A few shapes of matrix are so well-behaved they get their own names. Two will matter most for what's ahead.

A diagonal matrix has non-zero entries only on the main diagonal: \begin{bmatrix} a & 0 \\ 0 & d \end{bmatrix}. It does the simplest possible thing to a vector — scales the first component by a and the second by d, each axis stretched on its own, with no mixing.

A symmetric matrix equals its own transpose, A = A^{\mathsf{T}} — it's a mirror image across the diagonal, so a_{ij} = a_{ji}. For example \begin{bmatrix} 3 & 2 \\ 2 & 5 \end{bmatrix}.

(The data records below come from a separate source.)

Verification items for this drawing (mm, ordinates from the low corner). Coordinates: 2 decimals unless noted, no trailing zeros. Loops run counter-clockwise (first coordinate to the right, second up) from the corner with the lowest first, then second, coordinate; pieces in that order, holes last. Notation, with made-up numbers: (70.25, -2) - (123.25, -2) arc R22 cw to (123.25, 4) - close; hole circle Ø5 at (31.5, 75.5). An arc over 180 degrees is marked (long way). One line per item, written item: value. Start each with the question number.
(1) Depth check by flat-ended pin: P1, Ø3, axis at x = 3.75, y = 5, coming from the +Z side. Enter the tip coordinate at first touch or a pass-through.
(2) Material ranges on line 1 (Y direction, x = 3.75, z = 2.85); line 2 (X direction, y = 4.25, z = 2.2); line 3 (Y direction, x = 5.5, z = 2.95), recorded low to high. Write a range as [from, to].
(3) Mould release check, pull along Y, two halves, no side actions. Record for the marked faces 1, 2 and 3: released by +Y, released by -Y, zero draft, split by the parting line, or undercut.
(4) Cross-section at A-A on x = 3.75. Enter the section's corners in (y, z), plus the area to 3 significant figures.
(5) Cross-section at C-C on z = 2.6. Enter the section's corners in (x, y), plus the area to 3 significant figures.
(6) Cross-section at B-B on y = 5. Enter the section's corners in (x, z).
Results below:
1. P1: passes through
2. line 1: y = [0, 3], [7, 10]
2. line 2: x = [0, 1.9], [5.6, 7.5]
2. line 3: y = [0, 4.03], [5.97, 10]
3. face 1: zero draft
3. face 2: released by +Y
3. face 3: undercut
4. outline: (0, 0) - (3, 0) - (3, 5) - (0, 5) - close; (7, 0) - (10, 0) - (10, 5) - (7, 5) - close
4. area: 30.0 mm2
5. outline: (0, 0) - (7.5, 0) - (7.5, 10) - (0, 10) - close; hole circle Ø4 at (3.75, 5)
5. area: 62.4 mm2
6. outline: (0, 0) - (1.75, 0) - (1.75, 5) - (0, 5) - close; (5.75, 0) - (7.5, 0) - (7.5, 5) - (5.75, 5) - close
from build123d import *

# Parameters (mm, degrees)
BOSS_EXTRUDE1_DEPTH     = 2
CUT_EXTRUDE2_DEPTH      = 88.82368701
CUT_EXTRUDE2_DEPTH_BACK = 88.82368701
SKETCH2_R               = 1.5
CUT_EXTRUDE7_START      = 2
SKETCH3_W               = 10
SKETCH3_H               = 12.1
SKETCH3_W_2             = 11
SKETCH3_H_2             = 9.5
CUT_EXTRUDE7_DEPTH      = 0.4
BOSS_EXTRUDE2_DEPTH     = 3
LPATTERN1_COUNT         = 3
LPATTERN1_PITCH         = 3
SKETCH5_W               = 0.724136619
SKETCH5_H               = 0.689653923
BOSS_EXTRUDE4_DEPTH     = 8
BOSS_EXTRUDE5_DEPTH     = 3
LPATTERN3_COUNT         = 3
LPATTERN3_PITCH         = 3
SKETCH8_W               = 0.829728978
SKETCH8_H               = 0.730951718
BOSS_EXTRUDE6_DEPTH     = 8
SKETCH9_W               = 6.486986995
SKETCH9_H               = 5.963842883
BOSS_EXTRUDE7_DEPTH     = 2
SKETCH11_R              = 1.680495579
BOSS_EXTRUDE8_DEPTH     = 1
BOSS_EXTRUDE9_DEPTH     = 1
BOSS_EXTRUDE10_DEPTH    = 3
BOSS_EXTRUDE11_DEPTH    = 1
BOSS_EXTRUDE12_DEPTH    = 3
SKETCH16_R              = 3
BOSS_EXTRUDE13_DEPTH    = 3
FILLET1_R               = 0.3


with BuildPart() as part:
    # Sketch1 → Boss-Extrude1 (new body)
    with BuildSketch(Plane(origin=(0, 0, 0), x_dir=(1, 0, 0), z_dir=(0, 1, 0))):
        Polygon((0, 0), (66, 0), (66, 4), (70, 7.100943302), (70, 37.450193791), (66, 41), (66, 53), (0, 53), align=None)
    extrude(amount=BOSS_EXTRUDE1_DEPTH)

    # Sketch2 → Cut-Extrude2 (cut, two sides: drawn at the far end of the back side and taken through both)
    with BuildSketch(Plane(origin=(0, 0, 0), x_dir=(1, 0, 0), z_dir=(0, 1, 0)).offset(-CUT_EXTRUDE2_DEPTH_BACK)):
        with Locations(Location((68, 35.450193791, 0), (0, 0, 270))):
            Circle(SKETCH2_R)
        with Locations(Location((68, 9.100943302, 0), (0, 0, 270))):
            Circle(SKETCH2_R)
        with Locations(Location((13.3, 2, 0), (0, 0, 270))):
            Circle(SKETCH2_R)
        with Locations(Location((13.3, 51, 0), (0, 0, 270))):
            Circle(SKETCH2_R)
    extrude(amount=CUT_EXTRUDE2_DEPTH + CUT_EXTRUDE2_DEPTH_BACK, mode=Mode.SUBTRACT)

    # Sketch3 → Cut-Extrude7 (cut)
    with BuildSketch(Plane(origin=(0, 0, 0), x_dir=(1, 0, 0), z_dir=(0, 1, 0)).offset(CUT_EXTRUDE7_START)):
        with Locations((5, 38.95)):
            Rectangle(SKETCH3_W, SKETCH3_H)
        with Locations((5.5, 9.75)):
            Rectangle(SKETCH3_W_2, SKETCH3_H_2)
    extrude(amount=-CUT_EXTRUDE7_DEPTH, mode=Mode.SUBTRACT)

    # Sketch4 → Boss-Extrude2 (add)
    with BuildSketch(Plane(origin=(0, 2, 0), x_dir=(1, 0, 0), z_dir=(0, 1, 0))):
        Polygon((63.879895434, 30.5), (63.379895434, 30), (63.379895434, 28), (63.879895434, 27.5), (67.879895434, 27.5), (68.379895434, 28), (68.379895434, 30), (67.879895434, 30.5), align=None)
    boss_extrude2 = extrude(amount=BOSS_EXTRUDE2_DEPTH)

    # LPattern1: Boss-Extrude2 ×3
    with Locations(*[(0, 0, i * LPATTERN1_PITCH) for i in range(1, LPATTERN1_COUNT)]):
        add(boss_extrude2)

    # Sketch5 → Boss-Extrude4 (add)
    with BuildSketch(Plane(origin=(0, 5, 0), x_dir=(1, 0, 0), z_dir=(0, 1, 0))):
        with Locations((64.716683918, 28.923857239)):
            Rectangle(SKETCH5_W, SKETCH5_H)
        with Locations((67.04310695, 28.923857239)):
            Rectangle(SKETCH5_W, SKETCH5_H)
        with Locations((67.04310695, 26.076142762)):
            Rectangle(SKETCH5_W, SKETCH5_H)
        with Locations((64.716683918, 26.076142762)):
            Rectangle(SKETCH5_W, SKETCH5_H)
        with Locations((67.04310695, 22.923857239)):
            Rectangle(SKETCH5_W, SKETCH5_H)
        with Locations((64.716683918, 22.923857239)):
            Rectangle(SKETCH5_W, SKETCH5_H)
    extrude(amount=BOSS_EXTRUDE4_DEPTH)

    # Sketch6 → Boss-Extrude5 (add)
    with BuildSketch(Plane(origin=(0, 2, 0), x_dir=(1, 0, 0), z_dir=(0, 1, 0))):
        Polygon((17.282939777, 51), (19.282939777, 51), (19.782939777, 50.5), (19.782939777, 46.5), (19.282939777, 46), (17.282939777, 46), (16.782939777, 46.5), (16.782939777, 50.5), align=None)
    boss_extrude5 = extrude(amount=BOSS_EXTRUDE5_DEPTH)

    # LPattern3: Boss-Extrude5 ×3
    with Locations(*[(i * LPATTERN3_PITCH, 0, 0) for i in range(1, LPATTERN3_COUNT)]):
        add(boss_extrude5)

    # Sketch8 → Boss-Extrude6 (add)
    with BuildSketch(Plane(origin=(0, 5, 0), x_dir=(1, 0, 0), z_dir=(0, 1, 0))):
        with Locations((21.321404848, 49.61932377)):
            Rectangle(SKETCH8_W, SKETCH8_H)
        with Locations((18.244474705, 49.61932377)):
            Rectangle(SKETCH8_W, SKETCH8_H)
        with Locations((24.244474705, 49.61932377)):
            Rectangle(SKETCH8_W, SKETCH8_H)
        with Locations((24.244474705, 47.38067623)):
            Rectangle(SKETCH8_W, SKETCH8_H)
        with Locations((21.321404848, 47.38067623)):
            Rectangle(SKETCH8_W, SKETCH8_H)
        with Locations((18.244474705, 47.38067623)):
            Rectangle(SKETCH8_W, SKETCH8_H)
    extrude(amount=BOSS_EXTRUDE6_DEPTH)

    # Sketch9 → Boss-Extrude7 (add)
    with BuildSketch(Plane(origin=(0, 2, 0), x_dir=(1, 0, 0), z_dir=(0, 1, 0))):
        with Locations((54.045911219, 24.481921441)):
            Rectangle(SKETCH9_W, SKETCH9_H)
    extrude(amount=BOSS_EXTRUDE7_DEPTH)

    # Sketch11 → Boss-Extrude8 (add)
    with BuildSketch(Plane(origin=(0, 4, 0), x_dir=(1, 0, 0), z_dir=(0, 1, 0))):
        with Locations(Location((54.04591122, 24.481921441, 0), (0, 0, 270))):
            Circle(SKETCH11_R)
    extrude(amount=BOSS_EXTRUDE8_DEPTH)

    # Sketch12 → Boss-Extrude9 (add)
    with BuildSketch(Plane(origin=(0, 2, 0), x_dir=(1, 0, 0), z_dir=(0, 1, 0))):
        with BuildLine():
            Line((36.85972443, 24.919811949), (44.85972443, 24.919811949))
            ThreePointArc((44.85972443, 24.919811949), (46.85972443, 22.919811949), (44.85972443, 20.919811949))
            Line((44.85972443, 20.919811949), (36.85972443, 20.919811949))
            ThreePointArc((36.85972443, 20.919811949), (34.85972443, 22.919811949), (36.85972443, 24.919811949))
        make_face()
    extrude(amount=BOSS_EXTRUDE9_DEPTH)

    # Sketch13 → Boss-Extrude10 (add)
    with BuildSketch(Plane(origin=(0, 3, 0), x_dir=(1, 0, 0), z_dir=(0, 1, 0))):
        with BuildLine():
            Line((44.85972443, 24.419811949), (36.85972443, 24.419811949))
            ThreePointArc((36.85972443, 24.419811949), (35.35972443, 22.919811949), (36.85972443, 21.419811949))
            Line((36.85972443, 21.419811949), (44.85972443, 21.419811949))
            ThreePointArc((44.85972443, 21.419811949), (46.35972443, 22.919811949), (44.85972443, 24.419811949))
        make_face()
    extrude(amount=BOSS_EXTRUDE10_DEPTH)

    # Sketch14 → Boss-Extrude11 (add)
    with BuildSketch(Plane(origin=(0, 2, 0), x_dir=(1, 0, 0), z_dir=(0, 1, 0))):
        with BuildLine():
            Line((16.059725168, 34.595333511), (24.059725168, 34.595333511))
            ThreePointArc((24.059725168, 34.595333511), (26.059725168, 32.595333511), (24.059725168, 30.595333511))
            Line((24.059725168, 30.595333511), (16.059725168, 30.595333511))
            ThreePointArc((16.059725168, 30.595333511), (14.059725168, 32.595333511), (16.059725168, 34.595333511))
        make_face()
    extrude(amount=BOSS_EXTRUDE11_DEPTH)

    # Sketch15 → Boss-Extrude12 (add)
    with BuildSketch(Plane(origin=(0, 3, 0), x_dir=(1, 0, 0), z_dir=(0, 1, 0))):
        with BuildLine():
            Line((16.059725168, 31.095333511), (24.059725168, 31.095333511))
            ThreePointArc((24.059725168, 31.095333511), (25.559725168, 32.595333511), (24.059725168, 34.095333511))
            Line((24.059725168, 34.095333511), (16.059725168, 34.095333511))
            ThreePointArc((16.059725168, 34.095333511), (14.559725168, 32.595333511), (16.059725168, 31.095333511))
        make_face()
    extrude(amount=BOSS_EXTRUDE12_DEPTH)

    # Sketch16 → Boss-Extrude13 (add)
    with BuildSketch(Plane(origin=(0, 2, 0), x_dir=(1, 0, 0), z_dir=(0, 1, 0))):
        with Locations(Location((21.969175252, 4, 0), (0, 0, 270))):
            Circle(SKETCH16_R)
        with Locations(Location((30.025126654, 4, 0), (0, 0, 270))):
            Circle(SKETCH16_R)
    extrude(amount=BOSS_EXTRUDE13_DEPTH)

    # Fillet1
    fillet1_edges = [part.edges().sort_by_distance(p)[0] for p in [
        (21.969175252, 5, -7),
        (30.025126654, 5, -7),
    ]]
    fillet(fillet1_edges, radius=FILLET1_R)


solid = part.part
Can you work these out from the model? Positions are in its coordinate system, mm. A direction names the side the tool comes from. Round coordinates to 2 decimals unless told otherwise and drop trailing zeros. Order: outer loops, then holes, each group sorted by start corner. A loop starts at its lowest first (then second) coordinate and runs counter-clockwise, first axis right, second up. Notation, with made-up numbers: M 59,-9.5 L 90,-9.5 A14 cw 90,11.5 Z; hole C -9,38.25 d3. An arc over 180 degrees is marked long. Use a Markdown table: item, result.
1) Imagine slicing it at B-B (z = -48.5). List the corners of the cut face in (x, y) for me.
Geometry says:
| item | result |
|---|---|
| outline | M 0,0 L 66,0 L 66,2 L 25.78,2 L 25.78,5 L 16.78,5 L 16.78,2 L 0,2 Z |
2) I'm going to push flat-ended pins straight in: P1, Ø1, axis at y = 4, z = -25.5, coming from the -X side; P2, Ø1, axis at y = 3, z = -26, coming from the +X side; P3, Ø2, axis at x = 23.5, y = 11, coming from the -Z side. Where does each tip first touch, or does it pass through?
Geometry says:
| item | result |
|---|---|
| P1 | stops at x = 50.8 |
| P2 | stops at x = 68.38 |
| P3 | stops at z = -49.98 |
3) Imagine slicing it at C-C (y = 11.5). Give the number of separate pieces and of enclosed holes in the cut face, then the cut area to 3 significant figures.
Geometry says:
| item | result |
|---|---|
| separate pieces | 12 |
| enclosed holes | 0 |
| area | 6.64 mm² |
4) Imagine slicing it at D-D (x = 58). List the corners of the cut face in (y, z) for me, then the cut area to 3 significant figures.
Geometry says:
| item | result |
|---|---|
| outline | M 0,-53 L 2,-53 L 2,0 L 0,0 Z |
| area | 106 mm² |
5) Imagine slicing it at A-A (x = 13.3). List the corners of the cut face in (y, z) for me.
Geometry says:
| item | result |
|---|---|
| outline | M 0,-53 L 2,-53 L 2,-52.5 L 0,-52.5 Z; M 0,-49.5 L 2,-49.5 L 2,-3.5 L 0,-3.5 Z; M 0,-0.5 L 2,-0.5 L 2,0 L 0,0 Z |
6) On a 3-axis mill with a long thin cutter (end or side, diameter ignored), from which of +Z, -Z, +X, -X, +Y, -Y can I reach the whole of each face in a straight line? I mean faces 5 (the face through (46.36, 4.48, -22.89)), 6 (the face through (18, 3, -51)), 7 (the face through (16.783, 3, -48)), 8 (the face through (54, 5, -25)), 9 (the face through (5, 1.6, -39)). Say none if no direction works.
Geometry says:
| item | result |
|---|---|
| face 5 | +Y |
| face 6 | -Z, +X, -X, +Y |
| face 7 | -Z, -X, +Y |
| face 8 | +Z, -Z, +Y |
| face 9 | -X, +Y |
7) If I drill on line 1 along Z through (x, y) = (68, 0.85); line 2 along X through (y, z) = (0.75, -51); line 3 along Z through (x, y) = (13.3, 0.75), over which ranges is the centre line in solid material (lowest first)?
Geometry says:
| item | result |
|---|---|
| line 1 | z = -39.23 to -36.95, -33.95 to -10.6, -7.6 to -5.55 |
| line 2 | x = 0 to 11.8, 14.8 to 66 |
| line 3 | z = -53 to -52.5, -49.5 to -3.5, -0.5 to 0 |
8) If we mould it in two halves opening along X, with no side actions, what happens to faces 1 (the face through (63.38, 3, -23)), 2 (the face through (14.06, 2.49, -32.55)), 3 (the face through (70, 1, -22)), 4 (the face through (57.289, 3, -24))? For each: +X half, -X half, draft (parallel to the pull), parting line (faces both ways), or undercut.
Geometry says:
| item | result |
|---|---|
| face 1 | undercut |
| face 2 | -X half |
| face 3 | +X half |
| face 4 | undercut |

A diagonal matrix stretches the axes

Watch a diagonal matrix act on the unit square. Slider a stretches it horizontally, slider d vertically — and the square stays a neat rectangle, because the axes never mix. That clean, independent stretching is exactly why diagonal matrices are the easiest of all to work with.

Why we hunt for these

Diagonal matrices are trivial to compute with — multiplying, powering and inverting all come almost for free. So a recurring dream in linear algebra is to make a matrix look diagonal by choosing the right basis; that's diagonalization. Symmetric matrices are the heroes there: they can always be diagonalized, by a set of perpendicular axes — the fact that makes principal component analysis work.